„Es gibt keine andere als politische Pädagogik.“ Was Paulo Freire schon im Jahr 1985 feststellte, ist auch rund 30 Jahre später noch hochaktuell. Aber wie verhält sich die Politik im Moment zur Pädagogik? Welchen Stellenwert hat Kinder- und Jugendhilfe in unserem reichen Land? Um Antworten auf diese Fragen zu finden, standen beim siebten und letzten GEW-Jugendhilfekongress von Organisator Norbert Hocke und seinem Mitstreiter Bernhard Eibeck in Berlin-Neukölln drei Themen auf dem Programm: „Kinder- und Jugendhilfe im Spannungsfeld gesellschaftlicher Interessen“, „Strukturen und Ressourcen: Recht, Finanzierung, Personal“ und zum Abschluss „Inklusion: Solidarität als Recht jedes Einzelnen auf Teilhabe“.
Sportabstinenz als Indikator für schlechtere Bildungschancen
Erst am 7. April 2017 kommentierte Redakteur Christoph Onkelbach in der Westdeutschen Allgemeinen Zeitung eine Sportstudie, die besagt, dass mehr als die Hälfte der Jugendlichen von Eltern ohne Berufsausbildung keinen Sport treiben. Die Sportabstinenz sei ein Symptom, das insgesamt auf die schlechteren Bildungschancen ärmerer Kinder verweise. Sie sprächen schlechter Deutsch, könnten weniger gut lesen. Sie sind auch häufig übergewichtig. Eine Schulamtsärztin in Bochum stellte zudem fest, dass Kinder aus sozialschwachen Familien schlechter hören und sehen. Schon beim Schulstart seien sie in jeder Hinsicht im Nachteil – so lautet das Resumée des Redakteurs. Unsere Schulen müssten so ausgestattet, dass sie alle Kinder mitnehmen und fördern könnten.

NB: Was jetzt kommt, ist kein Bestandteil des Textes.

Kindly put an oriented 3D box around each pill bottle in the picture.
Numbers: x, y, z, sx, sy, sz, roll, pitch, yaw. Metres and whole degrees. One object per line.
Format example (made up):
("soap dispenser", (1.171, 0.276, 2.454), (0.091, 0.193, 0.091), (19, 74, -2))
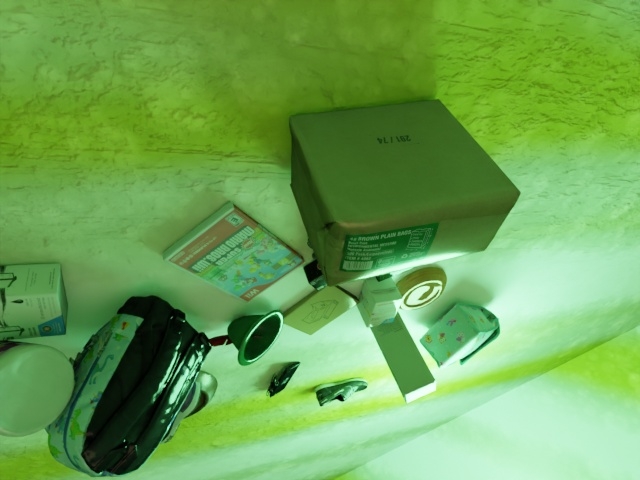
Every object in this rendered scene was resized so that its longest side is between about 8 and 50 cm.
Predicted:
("pill bottle", (-0.665, 0.290, 0.888), (0.301, 0.170, 0.169), (-5, 150, 31))

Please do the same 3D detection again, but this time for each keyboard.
("keyboard", (-0.144, 0.496, 1.555), (0.100, 0.038, 0.192), (-18, 145, -44))

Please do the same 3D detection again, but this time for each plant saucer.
("plant saucer", (0.321, 0.165, 1.396), (0.199, 0.037, 0.200), (-14, 139, -12))
("plant saucer", (-0.485, 0.514, 1.392), (0.310, 0.050, 0.311), (-14, 140, -12))

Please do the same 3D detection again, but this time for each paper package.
("paper package", (0.127, -0.103, 0.796), (0.324, 0.310, 0.168), (-10, 138, -14))

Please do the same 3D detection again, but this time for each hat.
("hat", (-0.238, 0.238, 1.227), (0.208, 0.183, 0.173), (-32, 142, -44))

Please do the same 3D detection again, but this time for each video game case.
("video game case", (-0.194, 0.043, 1.026), (0.204, 0.025, 0.285), (-35, 139, 13))

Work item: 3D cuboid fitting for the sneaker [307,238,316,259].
("sneaker", (0.000, 0.000, 1.047), (0.064, 0.061, 0.158), (-10, 138, -6))

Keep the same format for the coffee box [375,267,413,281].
("coffee box", (0.236, 0.042, 1.216), (0.184, 0.041, 0.113), (-20, 140, -3))

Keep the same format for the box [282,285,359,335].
("box", (-0.003, 0.207, 1.301), (0.201, 0.021, 0.164), (-37, 138, 17))

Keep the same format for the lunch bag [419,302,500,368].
("lunch bag", (0.534, 0.350, 1.612), (0.262, 0.160, 0.223), (9, 128, -48))

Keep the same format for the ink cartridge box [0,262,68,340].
("ink cartridge box", (-0.630, 0.127, 0.864), (0.202, 0.086, 0.148), (-3, 136, -24))

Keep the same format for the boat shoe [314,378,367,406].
("boat shoe", (0.092, 0.619, 1.757), (0.232, 0.079, 0.084), (-4, 135, -24))

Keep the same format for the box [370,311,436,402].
("box", (0.261, 0.367, 1.403), (0.113, 0.275, 0.094), (-22, 142, -2))

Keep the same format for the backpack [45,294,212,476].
("backpack", (-0.444, 0.346, 0.994), (0.273, 0.356, 0.290), (-7, 141, 17))

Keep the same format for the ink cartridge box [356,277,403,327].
("ink cartridge box", (0.178, 0.179, 1.301), (0.092, 0.090, 0.143), (-7, 137, -19))

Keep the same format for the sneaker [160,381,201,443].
("sneaker", (-0.468, 0.497, 1.285), (0.124, 0.107, 0.283), (25, 119, -25))

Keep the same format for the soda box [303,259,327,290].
("soda box", (0.042, 0.060, 1.129), (0.168, 0.060, 0.053), (-32, 138, 11))

Doch die Förderung muss schon früher beginnen – spätestens mit der Geburt eines Kindes. Wenn Kinder aus sozialschwachen Familien schlecht betreut, erzogen und gebildet in die Schule kommen, ist für viele der Zug schon abgefahren. Das zeigen sowohl die bundesweite Analphabetenquote als auch die Zahl der Jugendlichen, die die Schule ohne Abschluss verlassen oder mit einem schlechten Abschluss keinen Ausbildungsplatz bekommen. Laut UN-Kinderrechtskonvention haben alle Kinder das Recht, von Anfang an gefördert zu werden.
Rund 40 Kommunen nehmen an Modellprojekt in Nordrhein-Westfalen teil
Einen Anfang hat das Modellprojekt des Landes Nordrhein-Westfalen „Kein Kind zurücklassen“ gemacht: 18 Modellkommunen gingen damit an den Start. 22 Kommunen sind 2017 dazu gekommen. Prävention hilft und die Politik muss das Wissen in Handlungen umsetzen und den benötigten Bedarf finanzieren.
Unter der Fragestellung „Wer zahlt wem für was wie viel?“ hielt Professor Dr. Stefan Sell von der Hochschule Koblenz Campus Remagen einen Vortrag „Ressourcensteuerung im Dschungel der Zuständigkeiten“. Es sei die klassische Vorgehensweise der Ökonomie, Aufgaben und Ziele zu definieren und dann zu budgetieren. Das werde bei der Sozialarbeit wie auch im Pflegebereich anders herum gehandhabt. Das zentrale Dilemma der Sozialarbeit sei, dass ein Budget vorgegeben wird. Dadurch können gesellschaftlich notwendige Aufgaben nicht erfüllt werden.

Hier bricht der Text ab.